Не знаю, сколько было правды в словах Ренаты; вполне допускаю, что рассказывала она не все так, как оно было, но как ей теперь представлялось прошлое; однако тогда было мне не до оценки ее слов, ибо едва доставало сил, чтобы впитывать их в себя, — как иссохший цветок дождевую влагу. Я был подобен нищему, который в течение долгих лет тщетно вымаливал у церковной паперти жалкие гроши и перед которым вдруг раскрыли все богатства лидийского Креза, предлагая брать золото, алмазы и сапфиры горстями. Я, который выслушивал с каменным лицом самые жестокие отповеди Ренаты, не находил в себе силы перенести ее нежность, и часто уже не ее, а мои щеки были теперь смочены слезами.
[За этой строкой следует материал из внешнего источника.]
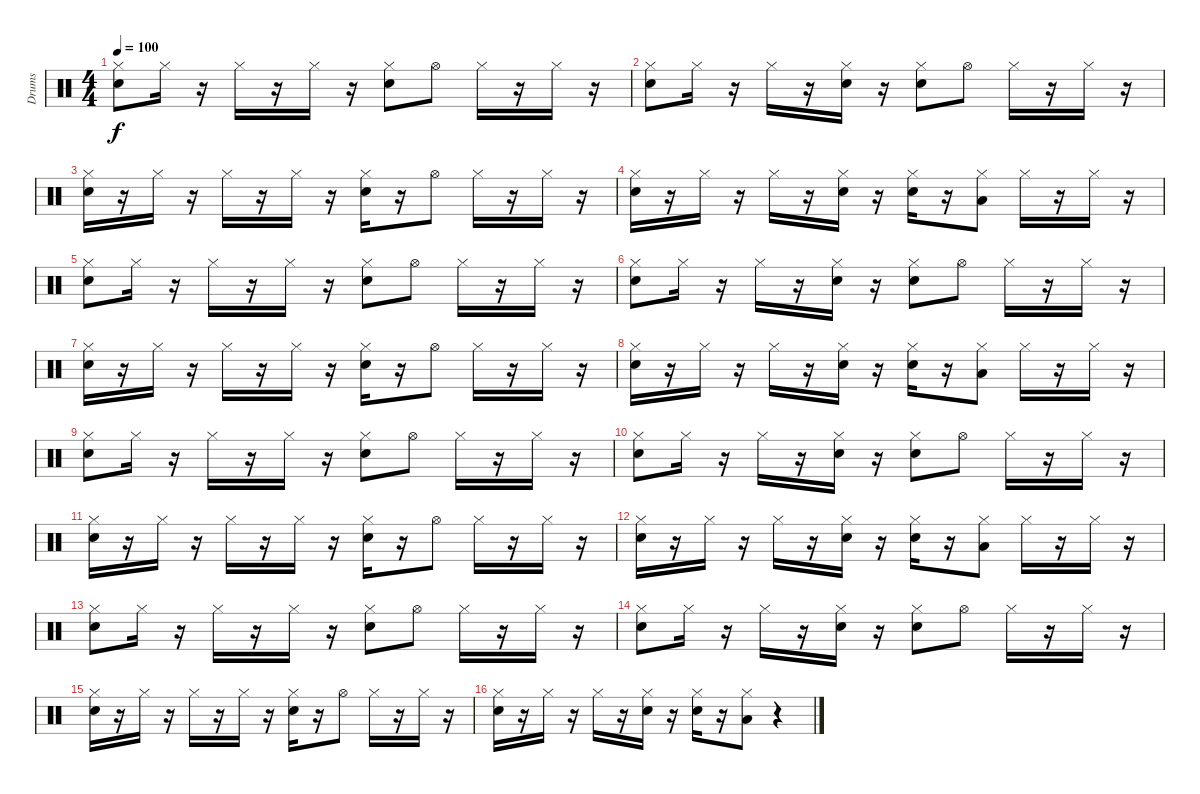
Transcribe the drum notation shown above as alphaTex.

Мучительную сладость нашей близости придавало то, что в течение многих дней моя рана делала невозможным для нас отдаться нашей страсти в полной мере. Первое время у меня едва доставало сил, чтобы, приподняв голову, приблизить свои губы к губам Ренаты, словно к огненному углю, и, обессиленный таким подвигом, я падал назад, на подушки, не дыша. Позднее, когда я уже мог сидеть на постели, Рената должна была с кроткой настойчивостью удерживать меня от безумных порывов, так как хотелось мне, схватив ее в руки, сжимать, и целовать, и ласкать, и заставить пережить все содрогания любовного счастия. Но, действительно, при первой попытке довериться вихрю страсти, силы мне изменяли, кровь выступала из-под перевязки, в глазах у меня начинали вертеться одноцветные круги, в ушах свистеть однообразный ветер, мои руки опускались, и Рената, улыбаясь извиняюще, укладывала меня, как ребенка, в постель и шептала мне:
— Милый, милый! полно! Перед нами еще вся жизнь! перед нами еще вся жизнь!
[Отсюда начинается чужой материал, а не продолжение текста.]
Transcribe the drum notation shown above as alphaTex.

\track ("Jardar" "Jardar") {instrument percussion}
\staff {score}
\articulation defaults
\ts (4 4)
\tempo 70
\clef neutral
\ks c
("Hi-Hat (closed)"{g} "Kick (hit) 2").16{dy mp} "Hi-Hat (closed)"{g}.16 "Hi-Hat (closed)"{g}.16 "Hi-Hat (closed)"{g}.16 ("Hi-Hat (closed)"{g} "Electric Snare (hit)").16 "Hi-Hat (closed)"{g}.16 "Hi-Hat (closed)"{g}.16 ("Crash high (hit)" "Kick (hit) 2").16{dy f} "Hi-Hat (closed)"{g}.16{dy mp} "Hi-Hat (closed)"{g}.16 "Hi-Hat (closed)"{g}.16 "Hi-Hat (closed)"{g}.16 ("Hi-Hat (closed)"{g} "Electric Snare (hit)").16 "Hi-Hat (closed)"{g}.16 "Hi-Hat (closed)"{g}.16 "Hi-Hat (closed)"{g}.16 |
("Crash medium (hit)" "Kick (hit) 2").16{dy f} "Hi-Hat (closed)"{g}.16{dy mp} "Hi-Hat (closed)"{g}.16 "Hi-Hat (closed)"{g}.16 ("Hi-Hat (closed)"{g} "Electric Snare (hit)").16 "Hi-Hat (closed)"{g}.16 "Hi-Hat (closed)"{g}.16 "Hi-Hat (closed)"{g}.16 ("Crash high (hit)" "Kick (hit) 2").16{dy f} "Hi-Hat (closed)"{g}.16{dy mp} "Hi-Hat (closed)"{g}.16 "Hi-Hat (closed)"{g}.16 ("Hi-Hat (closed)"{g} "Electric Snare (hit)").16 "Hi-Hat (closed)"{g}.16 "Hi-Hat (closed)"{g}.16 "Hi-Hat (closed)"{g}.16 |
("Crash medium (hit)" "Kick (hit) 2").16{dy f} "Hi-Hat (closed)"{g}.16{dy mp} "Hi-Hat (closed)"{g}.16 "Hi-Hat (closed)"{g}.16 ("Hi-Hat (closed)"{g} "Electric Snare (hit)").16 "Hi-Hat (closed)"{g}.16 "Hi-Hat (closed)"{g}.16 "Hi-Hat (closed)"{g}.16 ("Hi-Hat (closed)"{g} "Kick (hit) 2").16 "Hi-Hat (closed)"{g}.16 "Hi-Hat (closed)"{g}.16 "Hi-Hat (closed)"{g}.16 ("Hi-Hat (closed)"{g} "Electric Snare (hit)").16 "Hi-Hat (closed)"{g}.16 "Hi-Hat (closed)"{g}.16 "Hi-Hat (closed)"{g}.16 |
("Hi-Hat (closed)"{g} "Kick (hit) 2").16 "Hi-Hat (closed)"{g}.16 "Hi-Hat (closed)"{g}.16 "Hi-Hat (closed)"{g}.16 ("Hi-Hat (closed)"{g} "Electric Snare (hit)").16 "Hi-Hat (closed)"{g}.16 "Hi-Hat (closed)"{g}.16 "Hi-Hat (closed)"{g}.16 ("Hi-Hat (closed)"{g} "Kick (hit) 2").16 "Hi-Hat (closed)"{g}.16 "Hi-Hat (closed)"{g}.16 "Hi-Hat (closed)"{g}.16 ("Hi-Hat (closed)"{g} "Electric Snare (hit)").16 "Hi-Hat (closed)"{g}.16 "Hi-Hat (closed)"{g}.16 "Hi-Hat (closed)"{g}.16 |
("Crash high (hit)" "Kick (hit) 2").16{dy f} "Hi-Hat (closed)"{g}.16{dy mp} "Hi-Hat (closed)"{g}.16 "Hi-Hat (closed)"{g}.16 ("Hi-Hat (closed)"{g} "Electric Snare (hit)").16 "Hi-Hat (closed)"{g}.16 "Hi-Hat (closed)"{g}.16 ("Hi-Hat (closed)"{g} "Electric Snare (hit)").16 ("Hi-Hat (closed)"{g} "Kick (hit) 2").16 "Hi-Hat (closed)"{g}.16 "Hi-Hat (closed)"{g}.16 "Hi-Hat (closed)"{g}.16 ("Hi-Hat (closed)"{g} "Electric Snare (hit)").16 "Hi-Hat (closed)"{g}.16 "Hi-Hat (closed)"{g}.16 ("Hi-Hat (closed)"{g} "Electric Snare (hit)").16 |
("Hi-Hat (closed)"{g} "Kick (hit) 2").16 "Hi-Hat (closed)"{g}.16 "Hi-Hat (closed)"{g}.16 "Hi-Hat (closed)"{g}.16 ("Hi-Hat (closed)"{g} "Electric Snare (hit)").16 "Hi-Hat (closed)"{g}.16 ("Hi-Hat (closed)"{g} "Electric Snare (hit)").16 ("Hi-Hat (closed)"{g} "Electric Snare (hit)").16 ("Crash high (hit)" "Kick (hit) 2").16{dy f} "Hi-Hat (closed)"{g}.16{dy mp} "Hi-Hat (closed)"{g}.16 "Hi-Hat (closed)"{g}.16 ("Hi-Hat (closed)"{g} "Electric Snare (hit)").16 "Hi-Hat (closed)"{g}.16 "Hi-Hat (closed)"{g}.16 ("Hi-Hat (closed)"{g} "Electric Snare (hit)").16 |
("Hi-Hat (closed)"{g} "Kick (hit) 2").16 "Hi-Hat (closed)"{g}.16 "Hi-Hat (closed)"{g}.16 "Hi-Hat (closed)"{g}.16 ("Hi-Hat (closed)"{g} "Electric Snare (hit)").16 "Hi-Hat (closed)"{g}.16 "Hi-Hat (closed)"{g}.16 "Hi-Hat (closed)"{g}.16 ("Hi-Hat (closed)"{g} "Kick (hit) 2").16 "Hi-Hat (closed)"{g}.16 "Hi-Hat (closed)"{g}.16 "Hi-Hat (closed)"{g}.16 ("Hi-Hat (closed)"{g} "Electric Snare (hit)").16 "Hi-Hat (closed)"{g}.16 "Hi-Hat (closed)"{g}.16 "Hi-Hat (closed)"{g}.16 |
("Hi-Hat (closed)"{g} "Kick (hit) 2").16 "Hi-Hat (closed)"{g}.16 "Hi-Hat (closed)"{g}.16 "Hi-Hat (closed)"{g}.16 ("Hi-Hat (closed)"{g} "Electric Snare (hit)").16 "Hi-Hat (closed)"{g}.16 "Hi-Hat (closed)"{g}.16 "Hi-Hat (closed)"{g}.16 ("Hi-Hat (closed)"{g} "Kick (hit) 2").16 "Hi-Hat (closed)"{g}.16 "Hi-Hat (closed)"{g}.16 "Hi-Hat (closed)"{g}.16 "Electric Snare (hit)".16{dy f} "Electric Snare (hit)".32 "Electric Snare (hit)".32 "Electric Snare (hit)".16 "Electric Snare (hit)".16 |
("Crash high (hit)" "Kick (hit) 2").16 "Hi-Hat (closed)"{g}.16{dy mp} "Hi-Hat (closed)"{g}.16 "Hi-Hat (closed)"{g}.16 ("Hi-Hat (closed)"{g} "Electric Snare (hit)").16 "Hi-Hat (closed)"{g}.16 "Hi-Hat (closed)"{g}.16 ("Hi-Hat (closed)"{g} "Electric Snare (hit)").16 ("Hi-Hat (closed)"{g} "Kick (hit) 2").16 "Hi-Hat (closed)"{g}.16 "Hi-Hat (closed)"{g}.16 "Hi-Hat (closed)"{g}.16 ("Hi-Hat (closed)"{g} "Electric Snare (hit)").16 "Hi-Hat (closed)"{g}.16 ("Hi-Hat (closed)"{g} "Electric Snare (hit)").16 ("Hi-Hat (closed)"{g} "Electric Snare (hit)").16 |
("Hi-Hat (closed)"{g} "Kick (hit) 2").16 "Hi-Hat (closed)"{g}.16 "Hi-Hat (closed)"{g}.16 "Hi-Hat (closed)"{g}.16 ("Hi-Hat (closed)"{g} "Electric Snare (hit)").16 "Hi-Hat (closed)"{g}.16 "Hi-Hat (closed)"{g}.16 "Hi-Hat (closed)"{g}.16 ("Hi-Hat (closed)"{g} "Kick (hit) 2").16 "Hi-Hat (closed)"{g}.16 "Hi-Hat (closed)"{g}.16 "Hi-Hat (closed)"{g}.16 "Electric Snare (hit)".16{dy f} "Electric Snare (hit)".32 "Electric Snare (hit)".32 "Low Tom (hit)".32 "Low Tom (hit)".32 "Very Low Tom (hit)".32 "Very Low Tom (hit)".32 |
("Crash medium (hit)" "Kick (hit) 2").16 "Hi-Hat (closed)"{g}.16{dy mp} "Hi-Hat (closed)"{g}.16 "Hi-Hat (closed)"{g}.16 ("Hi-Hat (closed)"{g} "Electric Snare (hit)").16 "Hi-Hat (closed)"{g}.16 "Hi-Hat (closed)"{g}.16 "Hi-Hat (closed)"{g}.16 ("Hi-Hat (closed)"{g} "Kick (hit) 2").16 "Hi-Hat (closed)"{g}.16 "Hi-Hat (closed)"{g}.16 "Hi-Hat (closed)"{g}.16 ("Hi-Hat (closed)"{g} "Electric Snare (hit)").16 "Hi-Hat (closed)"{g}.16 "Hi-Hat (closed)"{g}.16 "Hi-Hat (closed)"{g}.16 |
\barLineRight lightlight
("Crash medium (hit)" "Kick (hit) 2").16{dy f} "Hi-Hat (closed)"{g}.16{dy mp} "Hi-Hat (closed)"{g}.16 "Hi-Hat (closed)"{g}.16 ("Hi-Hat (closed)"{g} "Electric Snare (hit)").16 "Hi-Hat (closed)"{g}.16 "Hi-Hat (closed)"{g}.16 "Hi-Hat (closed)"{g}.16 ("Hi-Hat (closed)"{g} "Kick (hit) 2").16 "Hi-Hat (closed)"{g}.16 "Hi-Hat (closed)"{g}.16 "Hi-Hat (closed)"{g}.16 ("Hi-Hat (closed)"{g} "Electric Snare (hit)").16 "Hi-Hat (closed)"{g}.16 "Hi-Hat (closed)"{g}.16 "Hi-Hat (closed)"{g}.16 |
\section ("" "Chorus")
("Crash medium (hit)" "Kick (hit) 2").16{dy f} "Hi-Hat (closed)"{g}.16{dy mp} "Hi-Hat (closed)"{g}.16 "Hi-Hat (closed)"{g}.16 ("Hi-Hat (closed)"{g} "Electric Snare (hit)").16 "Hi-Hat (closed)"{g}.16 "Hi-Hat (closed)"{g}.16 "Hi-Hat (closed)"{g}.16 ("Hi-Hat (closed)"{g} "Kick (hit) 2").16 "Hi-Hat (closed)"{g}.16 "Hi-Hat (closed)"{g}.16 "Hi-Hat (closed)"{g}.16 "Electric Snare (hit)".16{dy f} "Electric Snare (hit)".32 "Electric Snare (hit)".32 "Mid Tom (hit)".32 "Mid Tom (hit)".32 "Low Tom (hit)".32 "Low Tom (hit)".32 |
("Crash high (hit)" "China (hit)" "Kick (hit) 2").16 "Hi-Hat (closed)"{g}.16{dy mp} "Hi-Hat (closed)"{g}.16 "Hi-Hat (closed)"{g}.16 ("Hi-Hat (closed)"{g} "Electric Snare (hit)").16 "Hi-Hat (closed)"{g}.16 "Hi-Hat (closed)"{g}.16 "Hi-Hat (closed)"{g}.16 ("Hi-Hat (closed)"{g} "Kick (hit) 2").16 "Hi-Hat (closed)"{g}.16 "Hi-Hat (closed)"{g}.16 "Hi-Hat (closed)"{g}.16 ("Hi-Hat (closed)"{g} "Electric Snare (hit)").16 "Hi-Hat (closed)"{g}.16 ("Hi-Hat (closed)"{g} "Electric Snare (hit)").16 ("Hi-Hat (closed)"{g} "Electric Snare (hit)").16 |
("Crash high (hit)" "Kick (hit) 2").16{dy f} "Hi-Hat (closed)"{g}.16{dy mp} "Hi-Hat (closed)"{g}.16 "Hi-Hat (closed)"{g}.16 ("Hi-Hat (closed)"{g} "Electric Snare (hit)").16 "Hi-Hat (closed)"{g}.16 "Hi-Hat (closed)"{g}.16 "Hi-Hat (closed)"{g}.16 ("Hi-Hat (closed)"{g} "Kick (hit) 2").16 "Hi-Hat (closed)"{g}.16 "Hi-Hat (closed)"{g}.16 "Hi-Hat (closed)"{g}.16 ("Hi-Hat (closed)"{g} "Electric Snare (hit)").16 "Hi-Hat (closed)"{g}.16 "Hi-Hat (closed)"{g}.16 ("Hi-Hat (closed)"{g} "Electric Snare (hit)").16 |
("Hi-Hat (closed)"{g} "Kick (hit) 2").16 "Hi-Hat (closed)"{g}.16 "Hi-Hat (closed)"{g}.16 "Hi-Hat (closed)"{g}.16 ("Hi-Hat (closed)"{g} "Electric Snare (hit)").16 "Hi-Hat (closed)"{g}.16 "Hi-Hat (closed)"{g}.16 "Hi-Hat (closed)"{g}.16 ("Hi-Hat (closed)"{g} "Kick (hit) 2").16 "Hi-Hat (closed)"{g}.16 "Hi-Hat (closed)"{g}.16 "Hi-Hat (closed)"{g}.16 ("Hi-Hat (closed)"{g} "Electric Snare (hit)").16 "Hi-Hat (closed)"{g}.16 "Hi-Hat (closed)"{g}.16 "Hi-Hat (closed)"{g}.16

К концу первой декабрьской недели я наконец оправился настолько, что мог слабо бродить по комнате и, сидя в большом кресле, исхудалой рукою перелистывать заброшенные нами томы магических сочинений. Вместе с моим выздоровлением наша жизнь начала вновь вливаться в прежнее русло, так как один за другим исчезали наши посетители, — и Люциан Штейн, которому не о чем было больше справляться, и черный доктор, которому я сам указал на дверь, и, наконец, верный Матвей, который не очень ладил с Ренатою.
163
Черный плащ и круглая шляпа были обычной одеждой немецких медиков XVI в. Медицина Средних веков заключала о пользе тех или других лекарств не столько на основании опыта, сколько на основании умозрений. Только с 30-х годов XVI в. фармакология вступила на истинно научный путь после работ Буонафеде, Нордуса, де Орта и др.